Isabel inherits his fortune, but genuinely grieves for her uncle. Maugham confronts her about Sophie, having figured out Isabel's role in Sophie's downfall. Isabel's only punishment will be that she will never get Larry, who has decided to return to the United States of America and live as a common working man. He is uninterested in the rich and glamorous world that Isabel will move in. Maugham ends his narrative by suggesting that all the characters got what they wanted in the end: "Elliott social eminence; Isabel an assured position...Sophie death; and Larry happiness."

== Influences and critical reception ==

1946 hardcover edition promoting the first film adaptation

Maugham, like Hermann Hesse, anticipated a fresh embrace of Eastern culture by Americans and Europeans almost a decade before the Beats were to popularise it. (Americans had explored Eastern philosophy before these authors, in the nineteenth century through the Transcendentalists, Theosophists, the visit of Vivekananda in 1893, and then Yogananda's move to the US in 1920.) Maugham visited Sri Ramana Ashram, where he had a direct interaction with Ramana Maharshi in Tamil Nadu, India in 1938. Maugham's suggestion that he "invented nothing" was a source of annoyance for Christopher Isherwood, who helped him translate the verse (1.3.14) from the Katha Upanishad for the novel's epigraph – उत्तिष्ठ जाग्रत प्राप्य वरान्निबोधत| क्षुरस्य धारा निशिता दुरत्यया दुर्गं पथस्तत्कवयो वदन्ति|| (uttiṣṭha jāgrata prāpya varān nibodhata| kṣurasya dhārā niśitā duratyayā durga pathas tat kavayo vadanti|| ) – which means "Rise, wake up, seek the wise and realize. The path is difficult to cross like the sharpened edge of the razor (knife), so say the wise."

Many thought Isherwood, who had built his own literary reputation by then and was studying Indian philosophy, was the basis for the book's hero. Isherwood went so far as to write to Time denying this speculation.

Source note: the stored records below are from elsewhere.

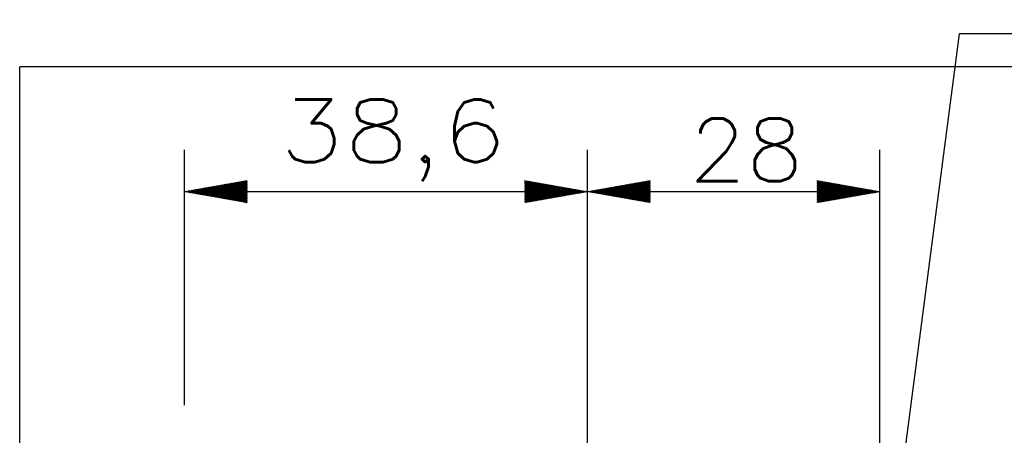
# Model space of a CAD drawing. Header units: millimetres. Extents: x 4 to 205, y 5 to 292.
# Tile 64 of 106: x 85 to 132, y 200 to 220. Entities that reach past the tile are written whole.
import ezdxf

# ---------------------------------------------------------------- set-up
doc = ezdxf.new("R2010")
doc.units = ezdxf.units.MM
doc.layers.add('1', color=7, linetype='CONTINUOUS')
doc.styles.add('DEFAULT', font='simplex.shx')
pattern_1 = [(45, (0, 0), (-0.0141421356, 0.0141421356), [])]
pattern_2 = [(45, (0, 0), (-0.0141421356, 0.0141421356), [])]

# ---------------------------------------------------------------- blocks, each defined once
blk = doc.blocks.new('LABLE3D_2')
at = {"layer": '1', "color": 172, "linetype": 'CONTINUOUS'}
for p in [(126.510328, 190.188855), (137.327108, 219.57971)]:
    blk.add_line(p, (130.327108, 219.57971), dxfattribs=at)
at = {"layer": '1', "color": 27, "linetype": 'CONTINUOUS'}
blk.add_solid([(126.510328, 190.188855), (126.372096, 193.231995), (127.421249, 193.095753), (126.510328, 190.188855)], dxfattribs=at)
at = {"layer": '1', "color": 87, "linetype": 'CONTINUOUS', "insert": (137.702108, 220.97971), "char_height": 2, "attachment_point": 7, "line_spacing_factor": 0.963855, "style": 'DEFAULT'}
blk.add_mtext('\\W00.896;N°4 M5 Depth 6mm.\\P%%c3.5mm. passing holes ', dxfattribs=at)

msp = doc.modelspace()

# ---------------------------------------------------------------- hatches: boundary and pattern name
at = {"layer": '1', "linetype": 'CONTINUOUS'}
h = msp.add_hatch(dxfattribs=at)
h.set_pattern_fill('ANSI31', color=27, scale=0.02, angle=45, style=0, pattern_type=0)
h.set_pattern_definition(pattern_2)
h.paths.add_polyline_path([(93.228, 212.015), (96.228, 212.544), (96.228, 211.486)], flags=0)
h = msp.add_hatch(dxfattribs=at)
h.set_pattern_fill('ANSI31', color=27, scale=0.02, angle=45, style=0, pattern_type=0)
h.set_pattern_definition(pattern_1)
h.paths.add_polyline_path([(112.528, 212.015), (109.528, 211.486), (109.528, 212.544)], flags=0)
h = msp.add_hatch(dxfattribs=at)
h.set_pattern_fill('ANSI31', color=27, scale=0.02, angle=45, style=0, pattern_type=0)
h.set_pattern_definition(pattern_2)
h.paths.add_polyline_path([(112.528, 212.015), (115.528, 212.544), (115.528, 211.486)], flags=0)
h = msp.add_hatch(dxfattribs=at)
h.set_pattern_fill('ANSI31', color=27, scale=0.02, angle=45, style=0, pattern_type=0)
h.set_pattern_definition(pattern_1)
h.paths.add_polyline_path([(126.528, 212.015), (123.528, 211.486), (123.528, 212.544)], flags=0)

# ---------------------------------------------------------------- linework, layer by layer
at = {"layer": '1', "color": 251, "linetype": 'CONTINUOUS'}
for p in [(85.347, 161.734), (147.407, 217.999)]:
    msp.add_line(p, (85.347, 217.999), dxfattribs=at)
at = {"layer": '1', "color": 152, "linetype": 'CONTINUOUS'}
for p, q in [((93.228, 201.785), (93.228, 214.015)), ((112.528, 196.185), (112.528, 214.015)), ((112.528, 196.185), (112.528, 214.015)), ((126.528, 196.185), (126.528, 214.015))]:
    msp.add_line(p, q, dxfattribs=at)
at = {"layer": '1', "color": 27, "linetype": 'CONTINUOUS'}
for p, q in [((93.228, 212.015), (112.528, 212.015)), ((112.528, 212.015), (126.528, 212.015))]:
    msp.add_line(p, q, dxfattribs=at)

# ---------------------------------------------------------------- block references
msp.add_blockref('LABLE3D_2', (0, 0), dxfattribs=at)

# ---------------------------------------------------------------- texts
at = {"layer": '1', "color": 87, "linetype": 'CONTINUOUS', "char_height": 3, "attachment_point": 7, "line_spacing_factor": 1.204819, "style": 'DEFAULT'}
for s, insert in [('\\W01.210;38,6 ', (97.763, 212.515)), ('\\W01.064;28 ', (117.383, 212.515))]:
    msp.add_mtext(s, dxfattribs=dict(at, insert=insert))

doc.saveas('drawing.dxf')

It has been suggested that Guy Hague was an important influence in the character of Darrell, although it now appears that he was not at Ramanasramam when Maugham visited. The English poet and translator Lewis Thompson is thought to be a more likely candidate. David Haberman has pointed out that Ronald Nixon, an Englishman who took monastic vows and became known as Krishna Prem, served as a fighter pilot in the First World War and experienced a crisis of meaninglessness that was "strikingly similar" to that experienced by Larry.

Another distinct possibility for influence is raised by the anglicised American, British MP Chips Channon in his diaries. During a trip to New York in August 1944, Channon wrote "I saw much of Somerset Maugham, who never before was a friend. He has put me into a book, 'the Razor's Edge' and when I dined with him, I asked him why he had done it, and he explained, with some embarrassment, that he had split me into three characters, and then written a book about all three. So I am Elliott Templeton, Larry, himself the hero of the book, and another: however I am flattered, and the book is a masterpiece ...".